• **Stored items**
──────

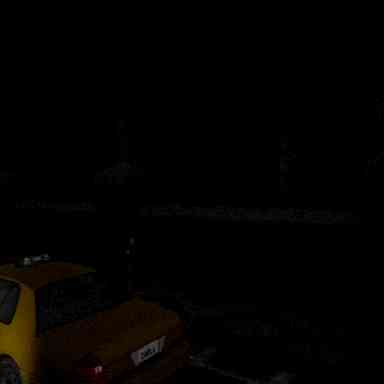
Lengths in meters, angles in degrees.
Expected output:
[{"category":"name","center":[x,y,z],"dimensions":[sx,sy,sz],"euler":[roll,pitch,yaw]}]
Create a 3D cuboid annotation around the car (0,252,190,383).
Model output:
[{"category":"car","center":[-2.304,1.525,4.601],"dimensions":[4.829,1.417,1.752],"euler":[0,0,35]}]
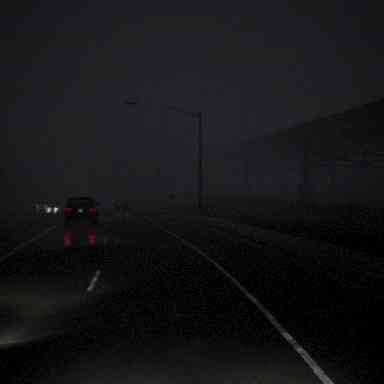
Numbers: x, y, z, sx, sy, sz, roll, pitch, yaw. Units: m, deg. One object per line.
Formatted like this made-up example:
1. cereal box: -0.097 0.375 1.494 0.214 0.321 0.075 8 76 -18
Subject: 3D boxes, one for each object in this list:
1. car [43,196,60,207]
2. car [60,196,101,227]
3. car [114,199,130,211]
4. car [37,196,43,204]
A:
1. car: -23.558 1.738 57.091 2.128 1.511 4.902 -1 0 -14
2. car: -7.954 1.330 24.323 2.150 2.045 5.566 -1 0 -14
3. car: -9.290 1.649 43.968 2.128 1.511 4.902 -1 0 -14
4. car: -29.376 1.601 66.004 1.837 1.490 4.892 -1 0 -14
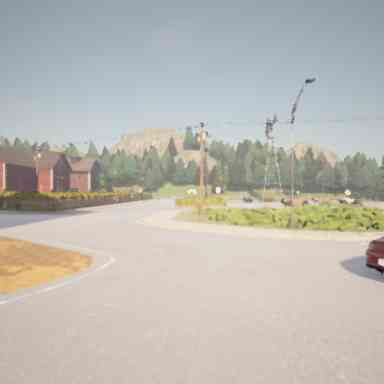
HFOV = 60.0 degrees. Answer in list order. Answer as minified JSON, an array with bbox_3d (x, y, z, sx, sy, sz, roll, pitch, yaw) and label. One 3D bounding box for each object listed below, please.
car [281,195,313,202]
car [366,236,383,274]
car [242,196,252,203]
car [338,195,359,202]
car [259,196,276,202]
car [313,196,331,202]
[{"bbox_3d":[17.111,1.437,55.337,4.605,1.855,1.932,0,0,2],"label":"car"},{"bbox_3d":[6.824,1.556,8.853,4.674,1.442,1.812,0,-1,-20],"label":"car"},{"bbox_3d":[12.737,1.679,76.754,2.033,1.411,5.357,0,0,2],"label":"car"},{"bbox_3d":[30.694,1.496,65.085,3.866,1.878,1.905,0,0,2],"label":"car"},{"bbox_3d":[17.672,1.678,77.810,3.905,1.438,1.784,0,0,2],"label":"car"},{"bbox_3d":[30.569,1.705,78.578,4.193,1.474,1.816,0,0,2],"label":"car"}]
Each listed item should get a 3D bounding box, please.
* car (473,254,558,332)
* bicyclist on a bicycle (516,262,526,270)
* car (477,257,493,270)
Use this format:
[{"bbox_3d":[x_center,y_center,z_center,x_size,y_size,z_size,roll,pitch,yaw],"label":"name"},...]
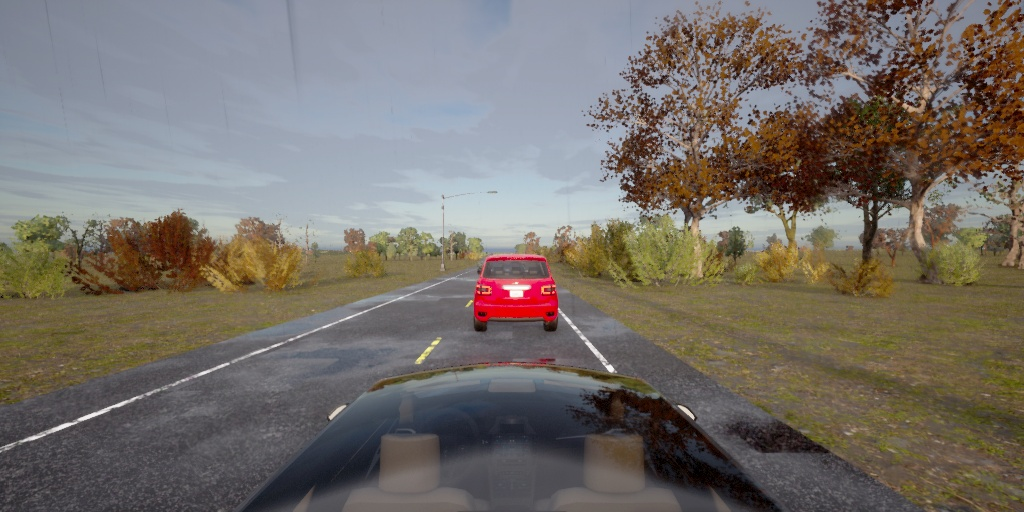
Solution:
[{"bbox_3d":[0.078,0.968,11.020,2.150,2.045,5.566,0,0,-1],"label":"car"},{"bbox_3d":[0.860,1.110,30.199,0.659,1.776,1.843,0,0,0],"label":"bicyclist on a bicycle"},{"bbox_3d":[-3.893,1.086,52.355,2.097,1.767,4.553,0,0,-1],"label":"car"}]
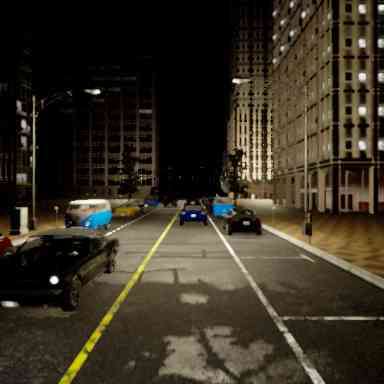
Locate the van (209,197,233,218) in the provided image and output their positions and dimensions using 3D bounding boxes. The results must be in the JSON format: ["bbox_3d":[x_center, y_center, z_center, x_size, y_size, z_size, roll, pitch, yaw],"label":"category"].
[{"bbox_3d":[2.693,1.342,29.865,1.690,1.788,3.998,0,0,0],"label":"van"}]

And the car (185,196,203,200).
[{"bbox_3d":[0.100,1.345,42.262,2.097,1.767,4.553,0,0,0],"label":"car"}]

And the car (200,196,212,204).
[{"bbox_3d":[2.694,1.519,63.877,2.008,1.369,4.403,0,0,0],"label":"car"}]

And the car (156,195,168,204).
[{"bbox_3d":[-5.686,1.408,63.876,1.967,1.590,4.097,0,0,0],"label":"car"}]

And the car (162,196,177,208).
[{"bbox_3d":[-3.080,1.514,48.443,1.812,1.442,4.674,0,0,0],"label":"car"}]

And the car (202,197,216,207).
[{"bbox_3d":[2.694,1.534,52.538,2.008,1.369,4.403,0,0,0],"label":"car"}]

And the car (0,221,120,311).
[{"bbox_3d":[-3.101,1.604,7.874,1.895,1.301,4.718,0,0,0],"label":"car"}]

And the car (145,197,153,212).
[{"bbox_3d":[-5.688,1.548,35.533,2.008,1.369,4.403,0,0,0],"label":"car"}]

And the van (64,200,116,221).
[{"bbox_3d":[-5.688,1.346,18.528,1.690,1.788,3.998,0,0,0],"label":"van"}]

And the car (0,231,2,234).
[{"bbox_3d":[-5.689,1.443,7.189,1.967,1.590,4.097,0,0,0],"label":"car"}]

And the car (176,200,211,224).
[{"bbox_3d":[0.100,1.567,24.488,1.994,1.385,4.181,0,0,0],"label":"car"}]

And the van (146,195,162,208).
[{"bbox_3d":[-5.687,1.331,46.870,1.690,1.788,3.998,0,0,0],"label":"van"}]

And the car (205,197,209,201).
[{"bbox_3d":[2.693,1.563,35.533,1.947,1.339,4.313,0,0,0],"label":"car"}]

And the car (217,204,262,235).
[{"bbox_3d":[2.692,1.570,18.528,1.947,1.339,4.313,0,0,0],"label":"car"}]

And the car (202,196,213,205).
[{"bbox_3d":[2.694,1.501,58.379,1.752,1.417,4.829,0,0,0],"label":"car"}]

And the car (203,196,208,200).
[{"bbox_3d":[2.693,1.560,41.202,1.947,1.339,4.313,0,0,0],"label":"car"}]

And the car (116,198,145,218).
[{"bbox_3d":[-5.688,1.526,29.695,1.752,1.417,4.829,0,0,0],"label":"car"}]
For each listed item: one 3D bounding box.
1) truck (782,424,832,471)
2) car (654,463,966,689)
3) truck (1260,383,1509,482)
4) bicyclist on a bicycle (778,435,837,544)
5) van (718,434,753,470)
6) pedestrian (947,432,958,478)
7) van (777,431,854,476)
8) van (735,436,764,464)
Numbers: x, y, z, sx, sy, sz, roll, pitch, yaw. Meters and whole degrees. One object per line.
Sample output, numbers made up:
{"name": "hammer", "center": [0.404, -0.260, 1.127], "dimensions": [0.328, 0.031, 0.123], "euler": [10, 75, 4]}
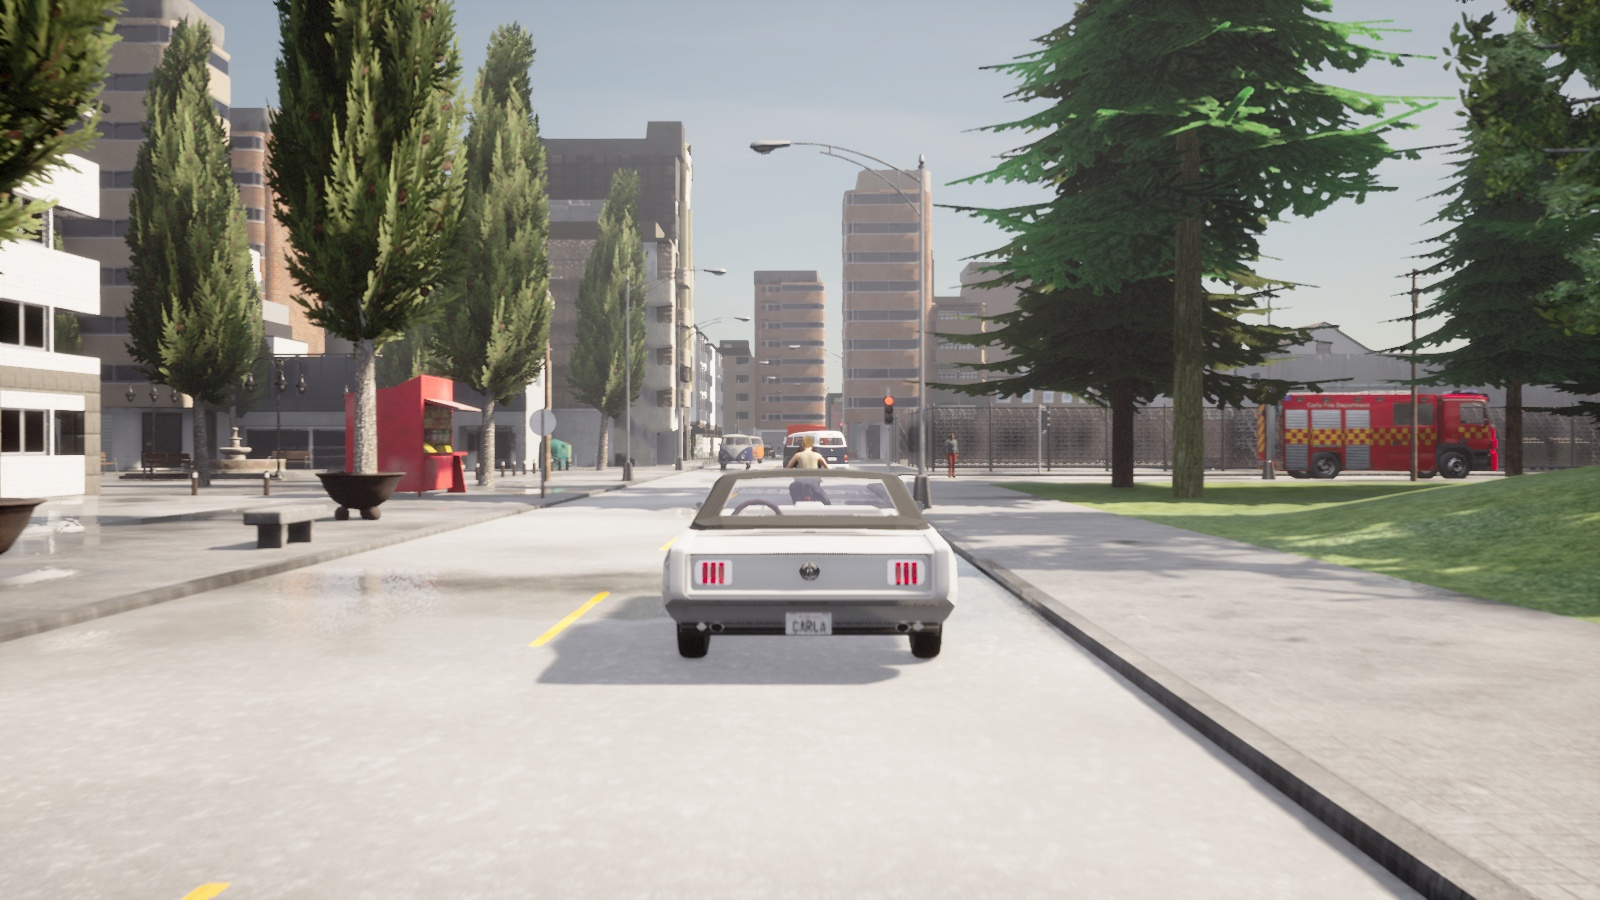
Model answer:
{"name": "truck", "center": [0.345, -0.128, 68.718], "dimensions": [2.627, 2.467, 5.204], "euler": [0, 0, -1]}
{"name": "car", "center": [0.072, 0.791, 9.990], "dimensions": [1.895, 1.301, 4.718], "euler": [0, 0, 0]}
{"name": "truck", "center": [22.972, -0.680, 49.658], "dimensions": [8.468, 3.827, 2.891], "euler": [0, 0, 0]}
{"name": "bicyclist on a bicycle", "center": [0.119, 0.574, 19.262], "dimensions": [0.866, 1.612, 1.509], "euler": [0, 0, 1]}
{"name": "van", "center": [-3.656, 0.091, 71.765], "dimensions": [1.775, 1.987, 4.442], "euler": [0, 0, 0]}
{"name": "pedestrian", "center": [6.193, 0.215, 51.016], "dimensions": [0.353, 1.847, 0.614], "euler": [0, 0, 1]}
{"name": "van", "center": [0.688, 0.140, 58.496], "dimensions": [2.069, 2.038, 4.480], "euler": [0, 0, -21]}
{"name": "van", "center": [-3.582, -0.008, 89.473], "dimensions": [1.775, 1.987, 4.442], "euler": [0, 0, 1]}
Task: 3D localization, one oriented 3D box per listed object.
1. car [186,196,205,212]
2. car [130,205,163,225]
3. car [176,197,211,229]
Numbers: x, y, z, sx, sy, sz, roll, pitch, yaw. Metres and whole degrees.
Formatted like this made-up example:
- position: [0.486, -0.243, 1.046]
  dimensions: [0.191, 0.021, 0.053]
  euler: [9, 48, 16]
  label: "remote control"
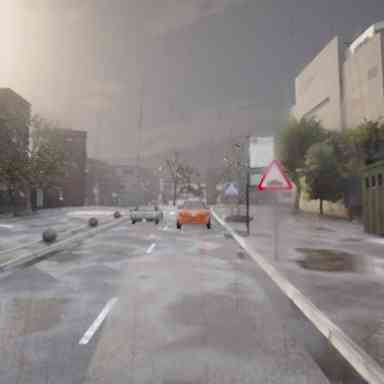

──────

• **Required work**
Pictures aside, give the data again exactly as it appears.

• **Problem solution**
Lengths in meters, angles in degrees.
Expected output:
[{"category":"name","center":[x,y,z],"dimensions":[sx,sy,sz],"euler":[roll,pitch,yaw]}]
Create a 3D cuboid annotation around the car (0,252,190,383).
Model output:
[{"category":"car","center":[-2.304,1.525,4.601],"dimensions":[4.829,1.417,1.752],"euler":[0,0,35]}]
Numbers: x, y, z, sx, sy, sz, roll, pitch, yaw. Units: m, deg. One object per line.
Formatted like this made-up example:
1. cereal box: -0.097 0.375 1.494 0.214 0.321 0.075 8 76 -18
Subject: 3D boxes, one for each object in this list:
1. car [43,196,60,207]
2. car [60,196,101,227]
3. car [114,199,130,211]
4. car [37,196,43,204]
A:
1. car: -23.558 1.738 57.091 2.128 1.511 4.902 -1 0 -14
2. car: -7.954 1.330 24.323 2.150 2.045 5.566 -1 0 -14
3. car: -9.290 1.649 43.968 2.128 1.511 4.902 -1 0 -14
4. car: -29.376 1.601 66.004 1.837 1.490 4.892 -1 0 -14
HFOV = 60.0 degrees. Answer in list order. Answer as minified JSON, an array with bbox_3d (x, y, z, sx, sy, sz, roll, pitch, yaw) and label. One 3D bounding box for each object listed below, please.
car [281,195,313,202]
car [366,236,383,274]
car [242,196,252,203]
car [338,195,359,202]
car [259,196,276,202]
car [313,196,331,202]
[{"bbox_3d":[17.111,1.437,55.337,4.605,1.855,1.932,0,0,2],"label":"car"},{"bbox_3d":[6.824,1.556,8.853,4.674,1.442,1.812,0,-1,-20],"label":"car"},{"bbox_3d":[12.737,1.679,76.754,2.033,1.411,5.357,0,0,2],"label":"car"},{"bbox_3d":[30.694,1.496,65.085,3.866,1.878,1.905,0,0,2],"label":"car"},{"bbox_3d":[17.672,1.678,77.810,3.905,1.438,1.784,0,0,2],"label":"car"},{"bbox_3d":[30.569,1.705,78.578,4.193,1.474,1.816,0,0,2],"label":"car"}]
Each listed item should get a 3D bounding box, please.
* car (473,254,558,332)
* bicyclist on a bicycle (516,262,526,270)
* car (477,257,493,270)
Use this format:
[{"bbox_3d":[x_center,y_center,z_center,x_size,y_size,z_size,roll,pitch,yaw],"label":"name"},...]
Solution:
[{"bbox_3d":[0.078,0.968,11.020,2.150,2.045,5.566,0,0,-1],"label":"car"},{"bbox_3d":[0.860,1.110,30.199,0.659,1.776,1.843,0,0,0],"label":"bicyclist on a bicycle"},{"bbox_3d":[-3.893,1.086,52.355,2.097,1.767,4.553,0,0,-1],"label":"car"}]
Locate the van (209,197,233,218) in the provided image and output their positions and dimensions using 3D bounding boxes. The results must be in the JSON format: ["bbox_3d":[x_center, y_center, z_center, x_size, y_size, z_size, roll, pitch, yaw],"label":"category"].
[{"bbox_3d":[2.693,1.342,29.865,1.690,1.788,3.998,0,0,0],"label":"van"}]

And the car (185,196,203,200).
[{"bbox_3d":[0.100,1.345,42.262,2.097,1.767,4.553,0,0,0],"label":"car"}]

And the car (200,196,212,204).
[{"bbox_3d":[2.694,1.519,63.877,2.008,1.369,4.403,0,0,0],"label":"car"}]

And the car (156,195,168,204).
[{"bbox_3d":[-5.686,1.408,63.876,1.967,1.590,4.097,0,0,0],"label":"car"}]

And the car (162,196,177,208).
[{"bbox_3d":[-3.080,1.514,48.443,1.812,1.442,4.674,0,0,0],"label":"car"}]

And the car (202,197,216,207).
[{"bbox_3d":[2.694,1.534,52.538,2.008,1.369,4.403,0,0,0],"label":"car"}]

And the car (0,221,120,311).
[{"bbox_3d":[-3.101,1.604,7.874,1.895,1.301,4.718,0,0,0],"label":"car"}]

And the car (145,197,153,212).
[{"bbox_3d":[-5.688,1.548,35.533,2.008,1.369,4.403,0,0,0],"label":"car"}]

And the van (64,200,116,221).
[{"bbox_3d":[-5.688,1.346,18.528,1.690,1.788,3.998,0,0,0],"label":"van"}]

And the car (0,231,2,234).
[{"bbox_3d":[-5.689,1.443,7.189,1.967,1.590,4.097,0,0,0],"label":"car"}]

And the car (176,200,211,224).
[{"bbox_3d":[0.100,1.567,24.488,1.994,1.385,4.181,0,0,0],"label":"car"}]

And the van (146,195,162,208).
[{"bbox_3d":[-5.687,1.331,46.870,1.690,1.788,3.998,0,0,0],"label":"van"}]

And the car (205,197,209,201).
[{"bbox_3d":[2.693,1.563,35.533,1.947,1.339,4.313,0,0,0],"label":"car"}]

And the car (217,204,262,235).
[{"bbox_3d":[2.692,1.570,18.528,1.947,1.339,4.313,0,0,0],"label":"car"}]

And the car (202,196,213,205).
[{"bbox_3d":[2.694,1.501,58.379,1.752,1.417,4.829,0,0,0],"label":"car"}]

And the car (203,196,208,200).
[{"bbox_3d":[2.693,1.560,41.202,1.947,1.339,4.313,0,0,0],"label":"car"}]

And the car (116,198,145,218).
[{"bbox_3d":[-5.688,1.526,29.695,1.752,1.417,4.829,0,0,0],"label":"car"}]
For each listed item: one 3D bounding box.
1) truck (782,424,832,471)
2) car (654,463,966,689)
3) truck (1260,383,1509,482)
4) bicyclist on a bicycle (778,435,837,544)
5) van (718,434,753,470)
6) pedestrian (947,432,958,478)
7) van (777,431,854,476)
8) van (735,436,764,464)
Numbers: x, y, z, sx, sy, sz, roll, pitch, yaw. Meters and whole degrees. One object per line.
Sample output, numbers made up:
{"name": "hammer", "center": [0.404, -0.260, 1.127], "dimensions": [0.328, 0.031, 0.123], "euler": [10, 75, 4]}
Model answer:
{"name": "truck", "center": [0.345, -0.128, 68.718], "dimensions": [2.627, 2.467, 5.204], "euler": [0, 0, -1]}
{"name": "car", "center": [0.072, 0.791, 9.990], "dimensions": [1.895, 1.301, 4.718], "euler": [0, 0, 0]}
{"name": "truck", "center": [22.972, -0.680, 49.658], "dimensions": [8.468, 3.827, 2.891], "euler": [0, 0, 0]}
{"name": "bicyclist on a bicycle", "center": [0.119, 0.574, 19.262], "dimensions": [0.866, 1.612, 1.509], "euler": [0, 0, 1]}
{"name": "van", "center": [-3.656, 0.091, 71.765], "dimensions": [1.775, 1.987, 4.442], "euler": [0, 0, 0]}
{"name": "pedestrian", "center": [6.193, 0.215, 51.016], "dimensions": [0.353, 1.847, 0.614], "euler": [0, 0, 1]}
{"name": "van", "center": [0.688, 0.140, 58.496], "dimensions": [2.069, 2.038, 4.480], "euler": [0, 0, -21]}
{"name": "van", "center": [-3.582, -0.008, 89.473], "dimensions": [1.775, 1.987, 4.442], "euler": [0, 0, 1]}
Task: 3D localization, one oriented 3D box per listed object.
1. car [186,196,205,212]
2. car [130,205,163,225]
3. car [176,197,211,229]
Numbers: x, y, z, sx, sy, sz, roll, pitch, yaw. Metres and whole degrees.
Formatted like this made-up example:
- position: [0.486, -0.243, 1.046]
  dimensions: [0.191, 0.021, 0.053]
  euler: [9, 48, 16]
  label: "remote control"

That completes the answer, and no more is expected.